Despite a valiant effort by Barba, Chris is not guilty of felony rape and misdemeanor forcible touching. He does get dinged for first-degree sexual misconduct, which means he goes on the registry. The verdict nearly touches off a brawl amongst the parents, and occasions a pleading "I'm sorry. ...Chris!" from Abby, from which I guess we're to infer that the situation is muddier than even we can know, like, we do get it.
The Owen Labrie/St. Paul's "senior salute" case, I'm guessing, but I doubt this sort of club/competition is all that rare.

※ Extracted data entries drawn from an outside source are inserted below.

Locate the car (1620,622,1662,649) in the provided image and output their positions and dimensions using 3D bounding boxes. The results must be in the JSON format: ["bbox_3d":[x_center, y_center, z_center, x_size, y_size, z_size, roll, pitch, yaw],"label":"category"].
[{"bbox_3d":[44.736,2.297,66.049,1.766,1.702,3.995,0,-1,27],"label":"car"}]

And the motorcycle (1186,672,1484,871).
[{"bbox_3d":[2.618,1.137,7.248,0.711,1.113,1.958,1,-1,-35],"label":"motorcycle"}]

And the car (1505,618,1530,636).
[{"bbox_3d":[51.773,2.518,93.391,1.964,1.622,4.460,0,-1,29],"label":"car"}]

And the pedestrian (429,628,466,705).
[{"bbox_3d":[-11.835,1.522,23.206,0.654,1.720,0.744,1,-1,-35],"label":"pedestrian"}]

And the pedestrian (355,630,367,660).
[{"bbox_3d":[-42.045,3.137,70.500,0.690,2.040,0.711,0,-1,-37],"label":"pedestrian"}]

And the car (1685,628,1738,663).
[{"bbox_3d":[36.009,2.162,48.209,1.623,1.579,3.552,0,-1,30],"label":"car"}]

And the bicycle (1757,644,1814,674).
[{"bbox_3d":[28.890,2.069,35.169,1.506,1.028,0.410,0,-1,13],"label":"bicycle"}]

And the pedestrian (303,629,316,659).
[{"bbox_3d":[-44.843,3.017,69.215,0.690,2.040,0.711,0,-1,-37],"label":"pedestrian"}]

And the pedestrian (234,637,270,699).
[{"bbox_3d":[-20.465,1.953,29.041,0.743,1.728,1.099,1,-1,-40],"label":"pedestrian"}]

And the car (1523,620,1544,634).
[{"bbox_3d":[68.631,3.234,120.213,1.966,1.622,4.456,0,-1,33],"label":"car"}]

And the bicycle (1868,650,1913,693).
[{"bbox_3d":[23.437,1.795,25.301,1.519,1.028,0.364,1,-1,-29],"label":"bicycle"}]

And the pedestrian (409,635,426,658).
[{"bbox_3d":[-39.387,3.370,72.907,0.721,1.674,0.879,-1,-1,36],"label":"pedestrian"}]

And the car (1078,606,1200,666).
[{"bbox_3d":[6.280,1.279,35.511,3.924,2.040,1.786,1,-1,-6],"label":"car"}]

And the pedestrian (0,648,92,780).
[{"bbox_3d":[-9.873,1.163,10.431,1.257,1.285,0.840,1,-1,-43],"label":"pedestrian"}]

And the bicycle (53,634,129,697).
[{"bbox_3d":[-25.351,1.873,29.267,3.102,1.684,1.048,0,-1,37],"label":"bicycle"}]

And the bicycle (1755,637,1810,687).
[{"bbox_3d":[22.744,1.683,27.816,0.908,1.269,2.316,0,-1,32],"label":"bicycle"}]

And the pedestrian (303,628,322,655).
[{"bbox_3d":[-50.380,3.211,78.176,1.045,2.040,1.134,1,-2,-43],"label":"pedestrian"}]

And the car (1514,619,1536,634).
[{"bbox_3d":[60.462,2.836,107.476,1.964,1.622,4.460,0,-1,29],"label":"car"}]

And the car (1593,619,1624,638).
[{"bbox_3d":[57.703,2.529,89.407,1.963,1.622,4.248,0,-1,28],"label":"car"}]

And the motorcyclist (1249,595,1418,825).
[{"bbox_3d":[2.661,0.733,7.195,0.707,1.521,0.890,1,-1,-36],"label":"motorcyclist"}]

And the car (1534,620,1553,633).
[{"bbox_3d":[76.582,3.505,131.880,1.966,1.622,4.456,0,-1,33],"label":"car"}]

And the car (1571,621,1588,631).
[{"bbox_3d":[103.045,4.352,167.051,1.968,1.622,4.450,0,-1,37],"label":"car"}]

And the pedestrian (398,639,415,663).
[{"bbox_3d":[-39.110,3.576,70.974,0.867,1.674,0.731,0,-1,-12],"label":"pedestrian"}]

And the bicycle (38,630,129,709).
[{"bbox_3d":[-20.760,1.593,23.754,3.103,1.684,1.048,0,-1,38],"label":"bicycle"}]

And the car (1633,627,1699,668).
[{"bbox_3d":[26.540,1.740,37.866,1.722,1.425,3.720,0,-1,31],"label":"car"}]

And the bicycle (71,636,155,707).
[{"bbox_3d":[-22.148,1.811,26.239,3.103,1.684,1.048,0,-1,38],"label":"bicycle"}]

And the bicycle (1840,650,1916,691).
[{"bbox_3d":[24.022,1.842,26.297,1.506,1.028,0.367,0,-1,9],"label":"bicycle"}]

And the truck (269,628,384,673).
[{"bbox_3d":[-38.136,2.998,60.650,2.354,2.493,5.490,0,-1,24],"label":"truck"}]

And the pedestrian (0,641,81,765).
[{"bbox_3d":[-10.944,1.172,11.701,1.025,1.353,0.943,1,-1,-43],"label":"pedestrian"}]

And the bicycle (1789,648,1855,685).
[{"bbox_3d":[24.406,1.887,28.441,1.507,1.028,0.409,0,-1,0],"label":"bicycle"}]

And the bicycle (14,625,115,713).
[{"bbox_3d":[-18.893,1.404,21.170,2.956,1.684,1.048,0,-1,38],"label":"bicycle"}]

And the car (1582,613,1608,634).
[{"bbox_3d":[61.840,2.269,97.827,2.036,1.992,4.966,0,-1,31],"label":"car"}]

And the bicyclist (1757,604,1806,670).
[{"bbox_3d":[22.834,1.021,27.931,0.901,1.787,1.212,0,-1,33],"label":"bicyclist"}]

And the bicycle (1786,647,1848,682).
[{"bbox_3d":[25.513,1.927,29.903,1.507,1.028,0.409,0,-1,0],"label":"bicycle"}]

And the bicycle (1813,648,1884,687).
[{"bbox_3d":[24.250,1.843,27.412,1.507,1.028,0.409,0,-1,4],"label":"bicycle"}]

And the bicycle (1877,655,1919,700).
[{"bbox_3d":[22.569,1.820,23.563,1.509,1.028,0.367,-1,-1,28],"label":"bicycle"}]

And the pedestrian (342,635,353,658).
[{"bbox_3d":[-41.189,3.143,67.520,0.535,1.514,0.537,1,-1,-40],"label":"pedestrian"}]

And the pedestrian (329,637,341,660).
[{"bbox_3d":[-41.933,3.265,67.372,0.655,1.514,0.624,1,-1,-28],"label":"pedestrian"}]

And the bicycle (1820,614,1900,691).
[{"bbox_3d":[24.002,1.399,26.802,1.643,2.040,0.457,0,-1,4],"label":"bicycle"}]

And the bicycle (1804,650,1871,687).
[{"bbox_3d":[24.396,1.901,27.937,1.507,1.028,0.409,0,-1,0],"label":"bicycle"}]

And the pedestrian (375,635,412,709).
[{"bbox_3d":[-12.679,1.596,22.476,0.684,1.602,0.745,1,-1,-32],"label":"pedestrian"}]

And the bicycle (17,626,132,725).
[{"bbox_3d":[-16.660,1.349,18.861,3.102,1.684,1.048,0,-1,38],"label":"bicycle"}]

Chris bragged on social media that he'd had sex with Abby, whereas Labrie downplayed it a bit afterwards but used social media and texting to seduce his victim, so the "inconsistent behavior from the woman" defense both cases opt for is coming before the assault in the Labrie case, versus after it on SVU. Other than that, minimal changes.
Elizabeth Marvel as Rita Calhoun is usually behind the defense table, and Liv is still, erm, livid at Calhoun for representing Greg Yates, but Calhoun's friends with Abby's mom from when they went to St. Fauxl's, so she's advocating for Abby here. Sean Grandillo as Chris is a relative newbie. The biggest guest-star gun is "Dr." Bill Irwin, and the only thing he's "guilty" of is not buying Liv's put-me-in-coach shit.
Marvel; Delaney Williams as defense counsel; Aida Turturro as the trial judge; Charlie Ray as Abby has appeared on an SVU before, the one with the paw tattoos, and she's very good here; each of the kids' moms has notched a few Motherships and CIs; John Hickok, Chris's dad, whose IMDb entry is almost entirely L&Os, is probably best known for being the doctor who mercy-killed the kid in the Heather Matarazzo episode.
I didn't know you could use "he came on my dress" in this context at 9 PM, but guess what. "It wasn't really getting in" and "he put a finger inside me" don't necessarily belong in mid-primetime either.
Everyone's acting like Calhoun stepped over Alex Cabot's dead body to become a one-time victim's advocate
but aside from a renewed commitment on the writers' part to shitting on Carisi -- giving him that tactless line about how miserable his sister was having to come off mat leave; giving Barba an "even a broken clock" snap when Carisi's correct on a point of law, like, can we not fucking be done with this? The sell-by on this from-the-planet-Bumblor-18 horseshit was May of 2015, so STOP IT -- everyone's basically within bounds.
Benson, because it's her first case back after her most recent imperilment, and because she has a future teenage boy, and because the local squad effed up the report, and because Benson; Barba, because the case is impossible; Calhoun, because old friends.
Thankgodfully snaps at Chris's parents to let Chris talk instead of making shit worse for him by speaking for him; makes this face when the Nos Messis Cerasa list is unveiled:
Rollins only gets six weeks of mat leave, though she could take a year off unpaid, and it's interesting how everyone just sighs when Dodds Jr. mentions this instead of verbally beating him about the face and head with a sockful of dimes like they would have if CARISI had said it. Oh, wait, by "interesting" I really meant "bullshit." Liv is still having nightmares and flashbacks, but that's nothing new, she tells Dr. Bill Irwin, who's like, maybe you should just quit, because other people can in fact do the job if you choose not to, but Narcissismama ain't trying to hear that. Counselor Buchanan is apparently in some financial trouble.